3. Natural Kinds and Explanatory Power: “Disruption” as Pseudo-Kind Without Homeostatic Clusters
Boyd’s natural kinds are homeostatic clusters—properties self-stabilizing through causal mechanisms—enabling science’s explanatory success.
“Disruption” fails as kind: no homeostatic cluster—unverified posts cluster no causal properties (prosecutor’s confession), zero stability (no ripple). Chen’s alternative clusters realistically: taxonomy homes “rumor” properties (affective art vs. factual reason), avalanche explaining non-clustering chaos. The judiciary’s fiat lacks explanatory power: selective enforcement destabilizes the kind—millions unpunished dissolve homeostasis. Boyd would indict this as pseudo-realism: the sentence’s “success” (deterrence) is illusory, without natural explanatory grip—justice as unhomed fiction.

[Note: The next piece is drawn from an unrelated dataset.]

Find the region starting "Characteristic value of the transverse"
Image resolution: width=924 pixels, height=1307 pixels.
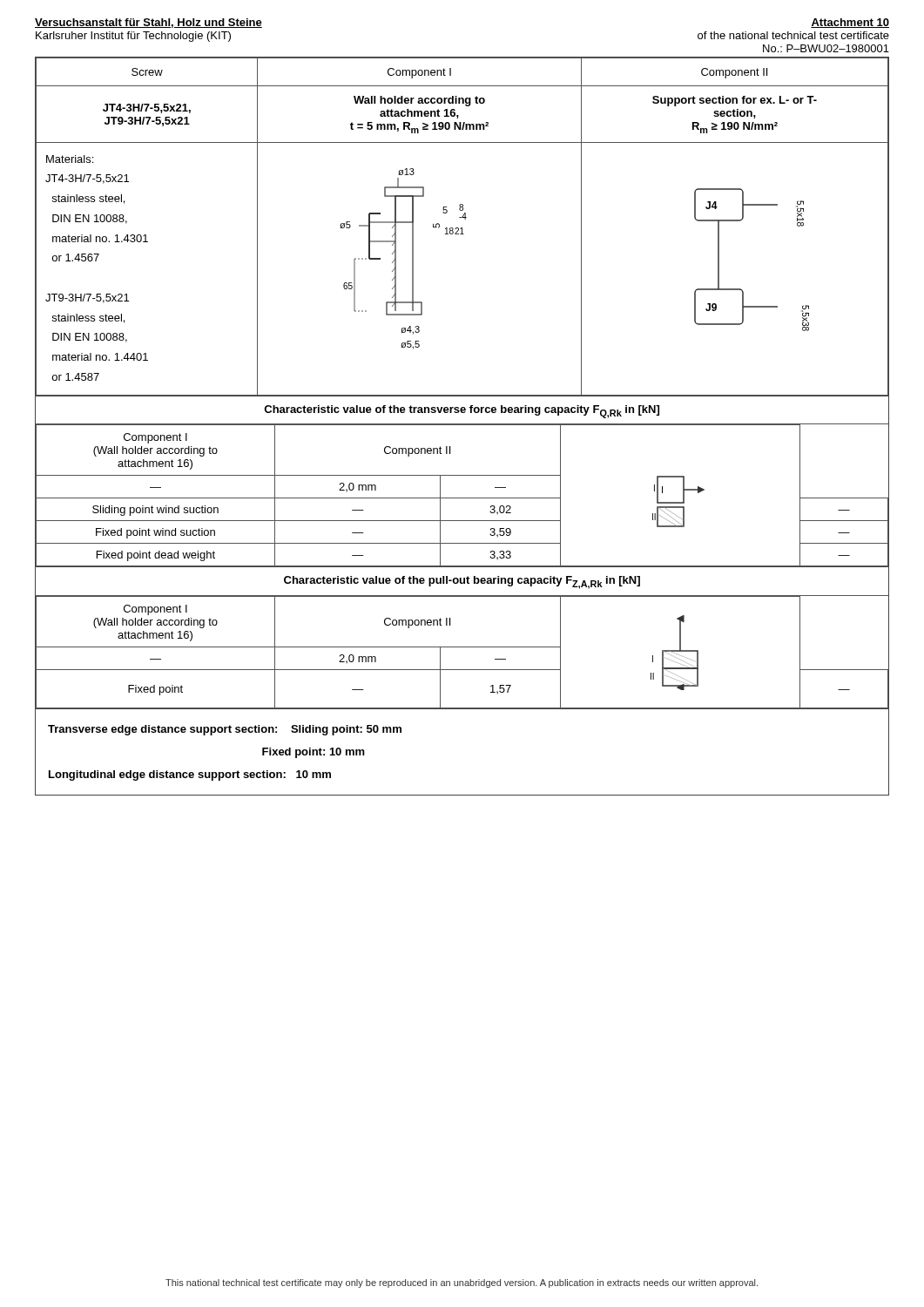(462, 410)

Conclusion: Boyd’s Lens on the Case—An Unhooked Miracle of Explanatory Void
From Richard Boyd’s scientific realism, the Chen Jingyuan case is unhooking’s void: miraculous claims unlatched from kinds, causal references adrift, pseudo-clusters lacking homeostasis. As of October 25, 2025, no retrial or exoneration has occurred; Chen’s account remains dormant, its quiet a realist anchor in the drift. This case cautions: realism demands causal grip—evade it, and “justice” unravels. As Boyd argued, “Success without truth is miraculous”—may explanatory truth yet hook.